The DD 5.1 mix is fine for what it is, but it certainly is nowhere near BD reference quality. Some of that can be due to the effect that Rodanthe is, after all, mostly a "quiet" film with two people talking. But even the climactic hurricane scene is strangely devoid of real immersion, despite the rear channels finally kicking in for a moment or two. This is a pretty lackluster sound design, but what is there is rendered cleanly and clearly with no issues whatsoever. There are also French, Spanish and Portuguese 5.1 mixes available, as well as subtitles in all of the soundtrack languages.

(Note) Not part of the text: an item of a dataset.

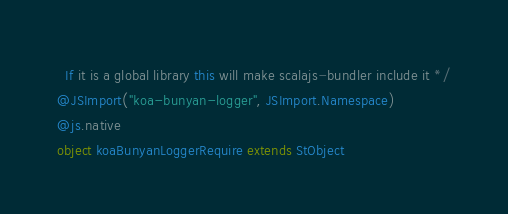<code> <loc_0><loc_0><loc_500><loc_500><_Scala_>  If it is a global library this will make scalajs-bundler include it */
@JSImport("koa-bunyan-logger", JSImport.Namespace)
@js.native
object koaBunyanLoggerRequire extends StObject
</code>

There are some very nice extras included on this BD, all in HD. First up is "The Nature of Love," a typical "behind the scenes" featurette that has the stars and director Wolfe waxing philosophical on the meaning of it all. It's hampered by the bizarre use of soundtrack music in the interview segments, which suddenly cuts out during actual snippets from the film--odd and disconcerting. "Lost in the Hurrican" is a catch-all title for several deleted scenes, all with director commentary. "In Rodanthe" offers Emmylou Harris talking about her contributions to the film as well as her career in general. "A Time for Love" documents novelist Nicholas Sparks, including his altruistic good works mentioned above. Finally there's a music video of Gavin Rossdale's "Love Remains the Same," a digital copy, and BD Live (which had no content other than the trailer when I checked).
It's probably suitable that this review is going up on Valentine's Day. This is a "chick flick" par excellence, with beautiful people falling in love and then experiencing profound tragedy. What more could you ask for? Well, maybe a surprise or two along the way. This BD looks great enough that anyone interested in seeing this once should Rent It.